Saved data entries
----------------------------------------

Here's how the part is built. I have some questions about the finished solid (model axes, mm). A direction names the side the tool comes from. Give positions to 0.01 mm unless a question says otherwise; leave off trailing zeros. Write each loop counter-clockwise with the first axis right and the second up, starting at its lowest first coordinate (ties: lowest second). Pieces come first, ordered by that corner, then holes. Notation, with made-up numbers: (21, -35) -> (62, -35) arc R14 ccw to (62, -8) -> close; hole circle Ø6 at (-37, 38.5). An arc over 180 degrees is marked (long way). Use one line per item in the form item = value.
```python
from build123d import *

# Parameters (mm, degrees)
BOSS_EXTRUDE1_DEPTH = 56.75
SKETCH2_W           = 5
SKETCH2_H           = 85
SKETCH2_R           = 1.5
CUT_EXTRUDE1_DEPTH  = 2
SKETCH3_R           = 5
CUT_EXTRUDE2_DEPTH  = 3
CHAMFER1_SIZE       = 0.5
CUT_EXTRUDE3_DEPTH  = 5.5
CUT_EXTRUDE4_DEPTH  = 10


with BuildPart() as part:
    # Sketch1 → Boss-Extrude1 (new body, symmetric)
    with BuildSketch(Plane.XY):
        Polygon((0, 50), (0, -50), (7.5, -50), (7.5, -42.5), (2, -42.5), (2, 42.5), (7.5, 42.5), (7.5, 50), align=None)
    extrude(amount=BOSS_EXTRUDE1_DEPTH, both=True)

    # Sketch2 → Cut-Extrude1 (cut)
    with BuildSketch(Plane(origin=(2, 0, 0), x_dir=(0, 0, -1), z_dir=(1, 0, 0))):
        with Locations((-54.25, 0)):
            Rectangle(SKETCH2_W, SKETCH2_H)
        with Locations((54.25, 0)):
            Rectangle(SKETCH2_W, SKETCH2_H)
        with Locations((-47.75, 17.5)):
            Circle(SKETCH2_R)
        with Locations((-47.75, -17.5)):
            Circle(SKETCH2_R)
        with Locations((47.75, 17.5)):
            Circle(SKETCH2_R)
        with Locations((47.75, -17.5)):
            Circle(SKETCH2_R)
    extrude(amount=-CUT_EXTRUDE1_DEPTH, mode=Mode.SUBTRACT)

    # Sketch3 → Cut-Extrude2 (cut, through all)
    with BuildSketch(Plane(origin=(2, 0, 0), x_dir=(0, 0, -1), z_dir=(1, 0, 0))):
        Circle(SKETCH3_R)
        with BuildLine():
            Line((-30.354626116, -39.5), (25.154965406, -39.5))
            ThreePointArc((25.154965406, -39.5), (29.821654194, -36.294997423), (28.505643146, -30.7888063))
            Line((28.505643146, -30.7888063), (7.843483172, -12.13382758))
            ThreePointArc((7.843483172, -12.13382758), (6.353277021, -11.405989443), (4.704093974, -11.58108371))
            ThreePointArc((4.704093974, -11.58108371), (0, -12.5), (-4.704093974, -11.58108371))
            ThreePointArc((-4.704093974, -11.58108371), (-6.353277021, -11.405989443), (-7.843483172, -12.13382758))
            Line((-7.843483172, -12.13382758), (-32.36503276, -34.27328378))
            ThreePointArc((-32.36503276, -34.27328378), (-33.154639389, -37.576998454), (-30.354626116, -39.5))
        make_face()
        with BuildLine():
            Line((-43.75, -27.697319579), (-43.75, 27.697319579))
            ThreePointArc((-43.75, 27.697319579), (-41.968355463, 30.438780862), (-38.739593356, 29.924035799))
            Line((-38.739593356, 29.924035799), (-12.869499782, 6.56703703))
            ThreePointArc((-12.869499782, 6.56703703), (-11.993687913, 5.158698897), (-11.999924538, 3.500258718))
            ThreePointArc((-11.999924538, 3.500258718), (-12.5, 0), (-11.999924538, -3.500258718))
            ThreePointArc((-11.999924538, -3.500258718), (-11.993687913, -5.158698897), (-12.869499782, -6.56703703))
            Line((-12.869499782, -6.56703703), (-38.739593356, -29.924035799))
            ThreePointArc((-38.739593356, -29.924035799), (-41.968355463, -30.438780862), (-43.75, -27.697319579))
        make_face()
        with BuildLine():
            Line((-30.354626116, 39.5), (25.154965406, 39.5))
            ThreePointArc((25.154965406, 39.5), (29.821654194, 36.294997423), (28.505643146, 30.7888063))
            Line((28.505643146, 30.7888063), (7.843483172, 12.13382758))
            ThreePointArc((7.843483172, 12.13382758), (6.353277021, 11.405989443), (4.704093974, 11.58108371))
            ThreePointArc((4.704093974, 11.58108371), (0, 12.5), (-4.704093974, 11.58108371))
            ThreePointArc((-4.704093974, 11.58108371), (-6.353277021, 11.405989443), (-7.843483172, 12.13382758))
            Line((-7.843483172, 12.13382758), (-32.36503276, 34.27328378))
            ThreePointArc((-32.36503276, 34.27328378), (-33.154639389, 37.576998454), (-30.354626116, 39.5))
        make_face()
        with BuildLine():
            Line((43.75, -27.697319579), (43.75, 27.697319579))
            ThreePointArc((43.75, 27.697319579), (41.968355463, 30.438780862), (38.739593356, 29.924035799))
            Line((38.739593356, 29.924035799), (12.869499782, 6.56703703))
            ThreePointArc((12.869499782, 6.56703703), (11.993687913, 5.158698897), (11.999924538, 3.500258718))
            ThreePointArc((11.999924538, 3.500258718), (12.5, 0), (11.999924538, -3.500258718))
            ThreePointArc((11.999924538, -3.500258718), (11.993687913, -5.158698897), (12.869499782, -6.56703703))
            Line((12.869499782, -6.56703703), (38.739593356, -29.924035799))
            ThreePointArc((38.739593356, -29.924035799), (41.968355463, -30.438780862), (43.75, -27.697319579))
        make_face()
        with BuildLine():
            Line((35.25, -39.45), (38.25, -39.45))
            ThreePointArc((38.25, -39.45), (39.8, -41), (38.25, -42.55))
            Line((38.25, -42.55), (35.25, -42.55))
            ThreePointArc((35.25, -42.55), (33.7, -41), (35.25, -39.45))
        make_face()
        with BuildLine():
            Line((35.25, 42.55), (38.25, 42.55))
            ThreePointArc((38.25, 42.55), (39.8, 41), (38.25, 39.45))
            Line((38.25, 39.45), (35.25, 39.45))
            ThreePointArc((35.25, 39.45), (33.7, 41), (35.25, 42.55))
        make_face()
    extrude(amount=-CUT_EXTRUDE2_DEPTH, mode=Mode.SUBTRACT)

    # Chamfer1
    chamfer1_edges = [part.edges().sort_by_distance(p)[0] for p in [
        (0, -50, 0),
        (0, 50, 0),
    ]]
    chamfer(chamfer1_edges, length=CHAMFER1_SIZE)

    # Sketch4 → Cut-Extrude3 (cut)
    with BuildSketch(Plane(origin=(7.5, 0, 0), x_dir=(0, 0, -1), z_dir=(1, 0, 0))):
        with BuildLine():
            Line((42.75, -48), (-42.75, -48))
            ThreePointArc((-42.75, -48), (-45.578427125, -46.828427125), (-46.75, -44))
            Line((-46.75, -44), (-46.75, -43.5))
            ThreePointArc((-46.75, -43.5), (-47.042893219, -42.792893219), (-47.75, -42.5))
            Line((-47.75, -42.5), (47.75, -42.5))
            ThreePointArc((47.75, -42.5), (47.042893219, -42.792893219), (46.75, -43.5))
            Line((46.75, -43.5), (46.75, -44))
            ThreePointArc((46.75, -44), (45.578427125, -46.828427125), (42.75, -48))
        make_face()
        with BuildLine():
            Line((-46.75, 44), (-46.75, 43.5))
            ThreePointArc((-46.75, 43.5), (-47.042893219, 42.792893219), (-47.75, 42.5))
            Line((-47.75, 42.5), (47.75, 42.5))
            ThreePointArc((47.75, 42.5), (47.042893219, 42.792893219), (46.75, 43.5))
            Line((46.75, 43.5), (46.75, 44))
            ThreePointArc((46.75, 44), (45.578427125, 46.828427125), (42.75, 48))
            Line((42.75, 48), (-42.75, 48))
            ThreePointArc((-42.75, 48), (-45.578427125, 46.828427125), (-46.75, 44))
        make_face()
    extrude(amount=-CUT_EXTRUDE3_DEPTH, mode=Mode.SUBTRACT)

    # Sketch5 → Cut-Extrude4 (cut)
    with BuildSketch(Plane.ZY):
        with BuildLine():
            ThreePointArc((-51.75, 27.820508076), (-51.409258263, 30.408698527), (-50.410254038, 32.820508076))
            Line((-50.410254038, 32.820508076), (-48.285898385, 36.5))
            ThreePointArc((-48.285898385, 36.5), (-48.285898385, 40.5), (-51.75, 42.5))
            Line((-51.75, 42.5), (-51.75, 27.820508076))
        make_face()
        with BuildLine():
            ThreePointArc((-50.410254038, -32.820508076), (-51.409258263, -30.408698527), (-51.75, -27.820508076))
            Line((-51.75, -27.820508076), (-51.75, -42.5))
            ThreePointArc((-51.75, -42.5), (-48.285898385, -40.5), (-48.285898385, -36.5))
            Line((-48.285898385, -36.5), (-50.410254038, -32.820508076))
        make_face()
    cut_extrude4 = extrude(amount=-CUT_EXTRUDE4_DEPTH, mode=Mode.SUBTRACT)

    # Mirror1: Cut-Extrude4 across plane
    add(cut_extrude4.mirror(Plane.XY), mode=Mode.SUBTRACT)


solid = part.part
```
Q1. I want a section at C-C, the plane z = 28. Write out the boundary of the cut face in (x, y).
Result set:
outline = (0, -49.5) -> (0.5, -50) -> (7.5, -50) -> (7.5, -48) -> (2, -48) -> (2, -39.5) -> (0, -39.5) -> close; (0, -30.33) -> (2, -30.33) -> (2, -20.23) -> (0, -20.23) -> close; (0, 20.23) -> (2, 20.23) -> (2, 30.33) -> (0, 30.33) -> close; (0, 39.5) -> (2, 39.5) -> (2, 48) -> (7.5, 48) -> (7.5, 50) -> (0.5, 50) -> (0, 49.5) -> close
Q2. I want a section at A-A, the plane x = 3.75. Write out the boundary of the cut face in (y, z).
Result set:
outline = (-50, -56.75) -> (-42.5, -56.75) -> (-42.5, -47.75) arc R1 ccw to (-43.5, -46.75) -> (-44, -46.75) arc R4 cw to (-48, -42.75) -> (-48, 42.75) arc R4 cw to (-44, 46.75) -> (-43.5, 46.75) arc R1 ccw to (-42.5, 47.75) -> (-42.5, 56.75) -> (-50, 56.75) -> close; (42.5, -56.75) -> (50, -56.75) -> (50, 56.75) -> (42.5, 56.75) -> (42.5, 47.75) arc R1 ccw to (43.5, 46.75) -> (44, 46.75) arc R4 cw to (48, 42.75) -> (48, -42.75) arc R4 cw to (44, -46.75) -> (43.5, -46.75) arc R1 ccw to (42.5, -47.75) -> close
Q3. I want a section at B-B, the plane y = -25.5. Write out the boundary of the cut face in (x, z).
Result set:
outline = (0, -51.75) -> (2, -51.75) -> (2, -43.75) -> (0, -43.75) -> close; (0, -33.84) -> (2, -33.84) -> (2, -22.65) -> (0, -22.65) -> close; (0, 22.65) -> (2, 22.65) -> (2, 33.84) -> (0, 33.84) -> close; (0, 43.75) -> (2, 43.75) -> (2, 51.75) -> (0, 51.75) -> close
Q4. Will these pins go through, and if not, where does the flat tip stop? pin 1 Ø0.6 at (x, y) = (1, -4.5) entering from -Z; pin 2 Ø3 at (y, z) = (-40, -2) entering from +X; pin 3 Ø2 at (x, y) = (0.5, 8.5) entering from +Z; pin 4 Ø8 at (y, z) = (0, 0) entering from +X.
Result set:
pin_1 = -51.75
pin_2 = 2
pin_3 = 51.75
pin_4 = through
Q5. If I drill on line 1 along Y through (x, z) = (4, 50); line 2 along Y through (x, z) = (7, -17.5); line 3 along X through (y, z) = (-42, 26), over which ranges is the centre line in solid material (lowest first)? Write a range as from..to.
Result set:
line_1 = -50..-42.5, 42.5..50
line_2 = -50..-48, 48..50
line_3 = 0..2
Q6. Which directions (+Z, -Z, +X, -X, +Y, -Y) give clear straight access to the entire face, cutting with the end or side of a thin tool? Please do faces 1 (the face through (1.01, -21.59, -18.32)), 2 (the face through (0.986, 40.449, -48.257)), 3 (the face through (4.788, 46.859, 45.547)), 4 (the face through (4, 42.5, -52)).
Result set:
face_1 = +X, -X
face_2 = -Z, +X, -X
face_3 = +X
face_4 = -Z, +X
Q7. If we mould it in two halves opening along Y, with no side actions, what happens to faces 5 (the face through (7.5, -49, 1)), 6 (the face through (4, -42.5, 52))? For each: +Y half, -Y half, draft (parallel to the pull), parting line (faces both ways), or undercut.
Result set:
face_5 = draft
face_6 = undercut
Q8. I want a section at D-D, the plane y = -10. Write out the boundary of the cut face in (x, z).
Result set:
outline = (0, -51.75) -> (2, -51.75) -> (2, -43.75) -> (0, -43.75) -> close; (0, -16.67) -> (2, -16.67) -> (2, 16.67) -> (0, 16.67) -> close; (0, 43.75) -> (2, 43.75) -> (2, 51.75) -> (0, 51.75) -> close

----------------------------------------

> TASK REQUIREMENTS: Read through the entries and copy each line in which "BuildSketch" appears.

> SOLUTION FOR THIS TASK:
    with BuildSketch(Plane.XY):
    with BuildSketch(Plane(origin=(2, 0, 0), x_dir=(0, 0, -1), z_dir=(1, 0, 0))):
    with BuildSketch(Plane(origin=(2, 0, 0), x_dir=(0, 0, -1), z_dir=(1, 0, 0))):
    with BuildSketch(Plane(origin=(7.5, 0, 0), x_dir=(0, 0, -1), z_dir=(1, 0, 0))):
    with BuildSketch(Plane.ZY):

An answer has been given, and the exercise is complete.